The percent ionization can be estimated from:
percent ionization = x / initial concentration × 100%
Using x ≈ 6.62 × 10-4 M and initial concentration 0.025 M:
percent ionization ≈ 2.65%
This means about 97.35% of the ammonia remains as NH3 at equilibrium.

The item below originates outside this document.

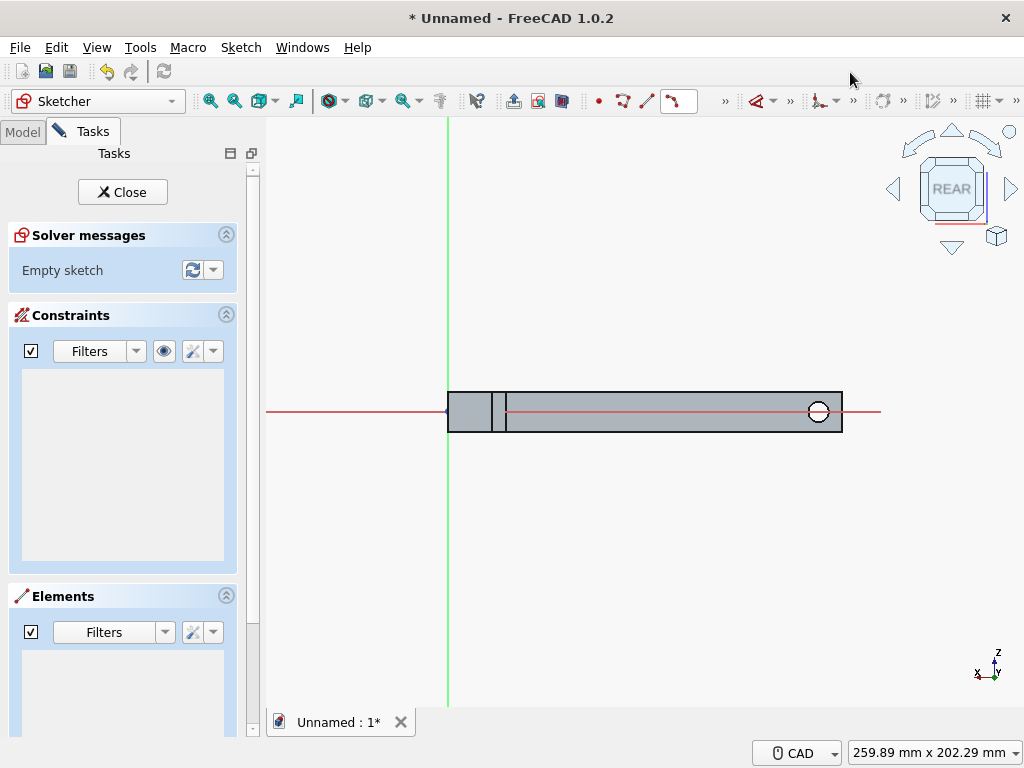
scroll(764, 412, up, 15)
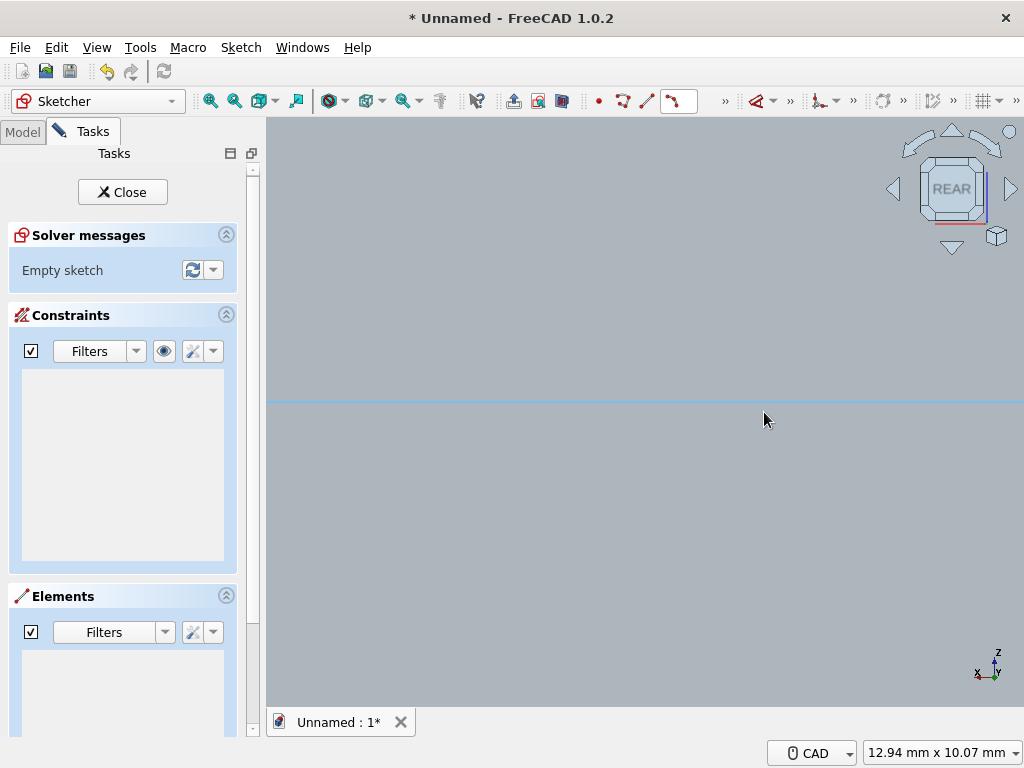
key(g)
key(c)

In other words, only a small portion accepts protons from water to form ammonium and hydroxide.
Reference data and authoritative chemistry resources
If you want to verify weak-base chemistry principles, acid-base equilibria, and standard water ion-product assumptions, these authoritative sources are useful:
- LibreTexts Chemistry for equilibrium, ICE tables, and weak base treatment
- National Institute of Standards and Technology (NIST) for scientific constants and measurement standards
- U.S. Environmental Protection Agency (EPA) for ammonia-related chemistry and water quality context
You can also consult university chemistry departments and open educational resources on weak acids and weak bases. Good examples include course notes from .edu domains and chemistry education libraries.
Fast exam shortcut for this exact problem
If you are under time pressure, the fastest route is:
- Write NH3 + H2O ⇌ NH4+ + OH-
- Use x = √(Kb × C)
- x = √((1.8 × 10^-5)(0.025)) ≈ 6.7 × 10^-4
- pOH = -log(6.7 × 10^-4) ≈ 3.17
- pH = 14.00 – 3.17 = 10.83
Then, if your instructor wants exactness, you can mention that the quadratic gives 10.82, and because the percent ionization is below 5%, the approximation is justified.
Final summary
To calculate the pH of 0.025 M NH3 with Kb = 1.8 × 10-5, set up the weak base equilibrium, define x as the hydroxide concentration, and solve the expression Kb = x2 / (0.025 – x). The exact quadratic result gives [OH-] ≈ 6.62 × 10-4 M, pOH ≈ 3.18, and pH ≈ 10.82. The square-root approximation also works well and produces nearly the same answer. This problem is a classic example of how weak bases differ from strong bases: the solution is clearly basic, but only a small fraction of the dissolved base ionizes.